WHAT YOU WILL DO :: Pictures stay out of the copy; set down each line of the listing below exactly.

EXERCISE MATERIALS ::
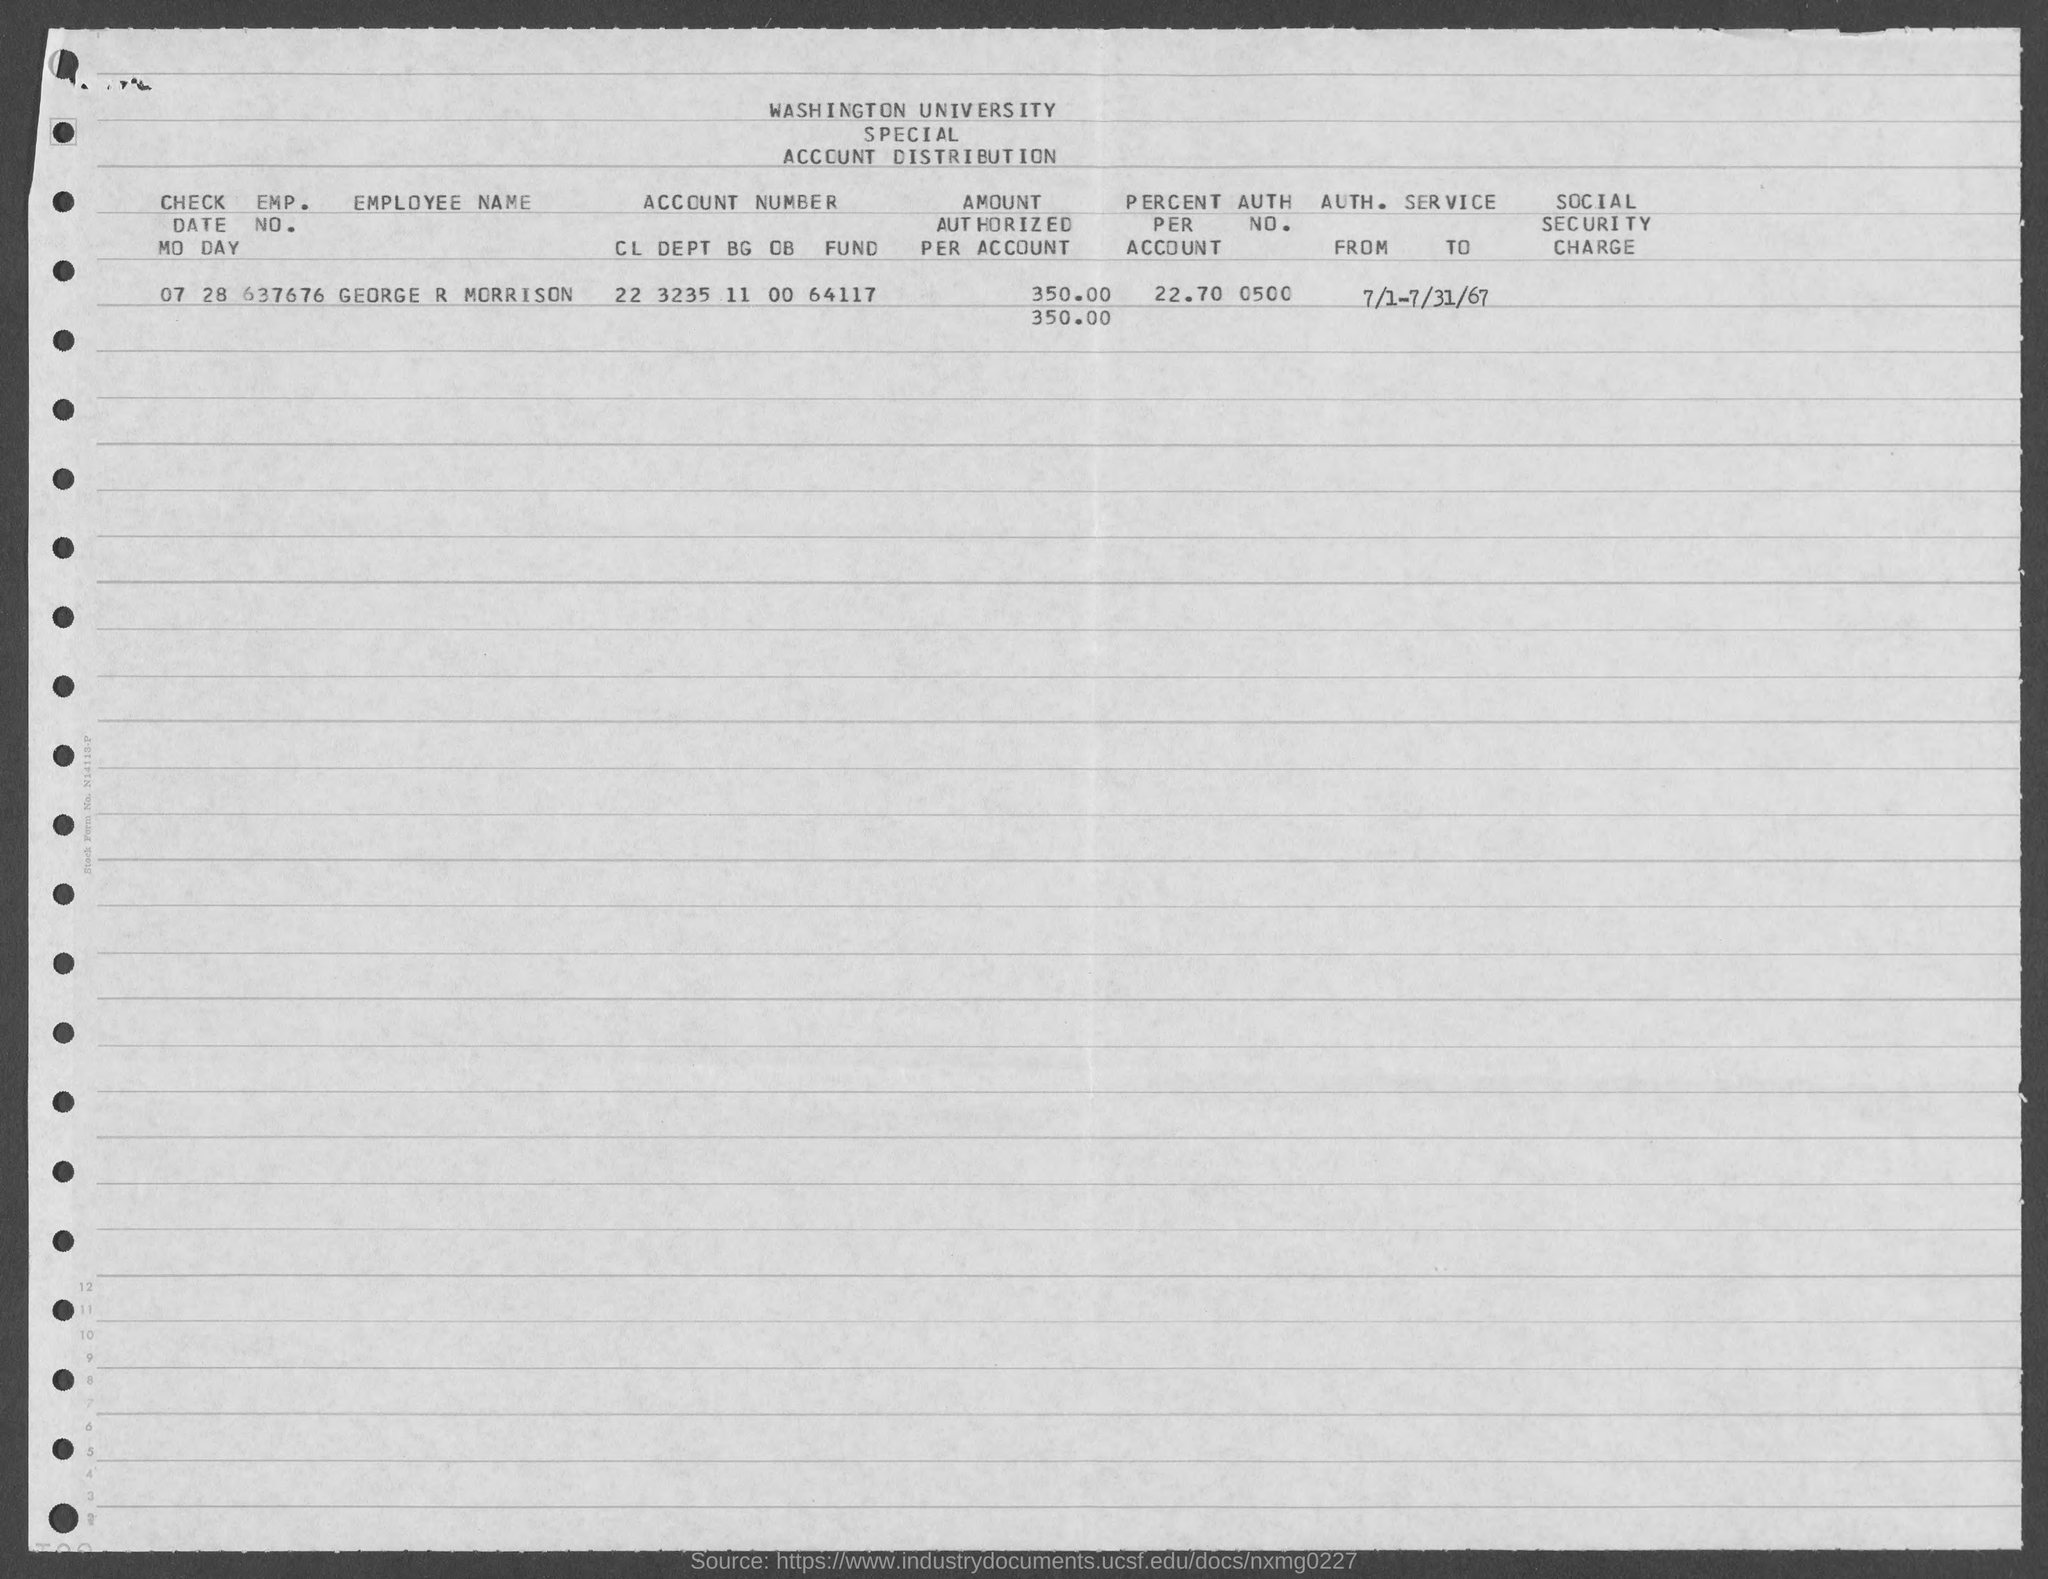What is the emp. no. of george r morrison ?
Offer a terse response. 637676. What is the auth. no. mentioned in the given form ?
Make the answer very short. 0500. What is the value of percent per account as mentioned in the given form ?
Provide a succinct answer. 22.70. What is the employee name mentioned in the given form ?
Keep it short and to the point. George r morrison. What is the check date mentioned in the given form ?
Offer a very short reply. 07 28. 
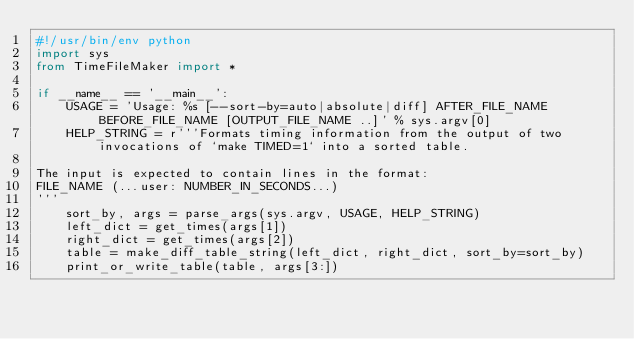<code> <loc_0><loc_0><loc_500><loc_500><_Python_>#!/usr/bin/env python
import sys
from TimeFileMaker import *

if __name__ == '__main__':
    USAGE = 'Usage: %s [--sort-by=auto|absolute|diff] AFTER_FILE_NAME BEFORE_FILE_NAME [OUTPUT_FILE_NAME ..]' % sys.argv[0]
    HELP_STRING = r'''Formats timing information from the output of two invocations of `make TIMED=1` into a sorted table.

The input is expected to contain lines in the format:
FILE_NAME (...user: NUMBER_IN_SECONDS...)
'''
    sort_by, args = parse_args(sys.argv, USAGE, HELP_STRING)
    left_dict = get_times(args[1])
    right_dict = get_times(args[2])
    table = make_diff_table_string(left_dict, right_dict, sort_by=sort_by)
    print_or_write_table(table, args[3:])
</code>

YOUR RESPONSE ::
What is the emp. no. of george r morrison ?
Offer a terse response. 637676. What is the auth. no. mentioned in the given form ?
Make the answer very short. 0500. What is the value of percent per account as mentioned in the given form ?
Provide a succinct answer. 22.70. What is the employee name mentioned in the given form ?
Keep it short and to the point. George r morrison. What is the check date mentioned in the given form ?
Offer a very short reply. 07 28. 
<code> <loc_0><loc_0><loc_500><loc_500><_Python_>#!/usr/bin/env python
import sys
from TimeFileMaker import *

if __name__ == '__main__':
    USAGE = 'Usage: %s [--sort-by=auto|absolute|diff] AFTER_FILE_NAME BEFORE_FILE_NAME [OUTPUT_FILE_NAME ..]' % sys.argv[0]
    HELP_STRING = r'''Formats timing information from the output of two invocations of `make TIMED=1` into a sorted table.

The input is expected to contain lines in the format:
FILE_NAME (...user: NUMBER_IN_SECONDS...)
'''
    sort_by, args = parse_args(sys.argv, USAGE, HELP_STRING)
    left_dict = get_times(args[1])
    right_dict = get_times(args[2])
    table = make_diff_table_string(left_dict, right_dict, sort_by=sort_by)
    print_or_write_table(table, args[3:])
</code>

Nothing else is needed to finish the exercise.